Tuesday, January 12, 2016

Seeking...

"Mark well that God doesn't miss a move you make; he's aware of every step you take. The shadow of your sin will overtake you; you'll find yourself stumbling all over yourself in the dark. Death is the reward of an undisciplined life; your foolish decisions trap you in a dead end." Proverbs 5:21-23 (MSG)

Sounds kind of scary doesn't it? And well it should. A life full of sin leads to a dead end. No one wants to hear that. No one wants to even read that. I think that's why it caught my eye the other day when it popped up on my phone, as the verse of the day.

God knows every move you make. I've been taught that ever since I was younger. God watches every move. He's all-knowing, all-powerful, all-seeing. To be truthful, that used to scare me. Sometimes, it still scares me. To know that the Creator of the whole universe is watching me. That He knows my name. Knows my cries, knows how many strands of hair is on my head.

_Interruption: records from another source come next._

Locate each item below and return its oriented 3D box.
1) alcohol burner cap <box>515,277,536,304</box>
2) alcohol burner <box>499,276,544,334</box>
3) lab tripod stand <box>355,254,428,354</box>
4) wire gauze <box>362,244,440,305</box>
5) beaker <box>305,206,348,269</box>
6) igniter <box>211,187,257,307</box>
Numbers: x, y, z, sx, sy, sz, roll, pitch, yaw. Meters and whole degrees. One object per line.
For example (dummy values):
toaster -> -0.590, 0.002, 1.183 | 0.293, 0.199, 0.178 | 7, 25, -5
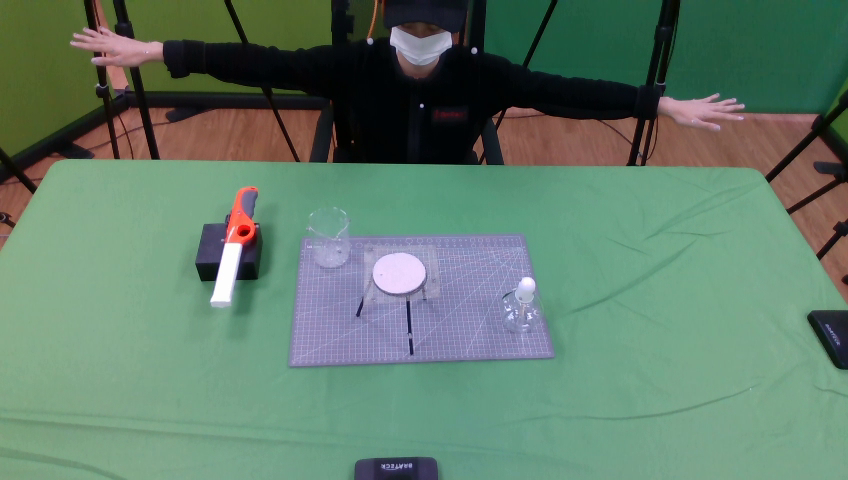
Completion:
alcohol burner cap -> 0.171, 0.083, 1.015 | 0.034, 0.048, 0.033 | 1, 52, -1
alcohol burner -> 0.170, 0.106, 1.041 | 0.078, 0.120, 0.077 | 1, 44, -1
lab tripod stand -> -0.046, 0.100, 1.017 | 0.148, 0.132, 0.147 | 1, 47, -1
wire gauze -> -0.038, 0.051, 0.971 | 0.121, 0.011, 0.124 | -1, 46, -4
beaker -> -0.176, 0.001, 1.126 | 0.074, 0.101, 0.083 | -14, 49, -16
igniter -> -0.343, 0.003, 1.100 | 0.057, 0.025, 0.274 | 2, 49, -4

As small as I feel sometimes, I know God sees me, knows me better than I know myself. Every move I make, He knows. And yet He still wants me to be His child. As much as I feel like I've screwed up, He still pleads for my soul. He still wants my love. And as much as I feel like I've screwed up, I'm going to grasp for His Hand time and time again. I'm going to claim His love. I'm going to seek His presence day in and day out. That's the only way I know how to survive this crazy thing called life.

Not only am I seeking His presence, but I seek God's guidance. For raising my daughter, for my marriage, for how to show His love at work. I don't want to be stumbling over myself in my attempts to cover up sin or anything that I feel ashamed of; Jesus' blood has covered those.

One thing I need to remind myself constantly is to stop taking the sins back that I've confessed. I have the tendency to think "what if I had done this differently? I wish I had done this, or that. what if this had never happened?" But I've come to realize that those what if's and I wish's are just sucking energy and joy from my life. I took the path I took, and God is still crying my name. Even if there are days that I don't feel deserving of His love and mercy, I know He will extend it. Until my very last day on this earth, I will seek Him and desire Him above all else.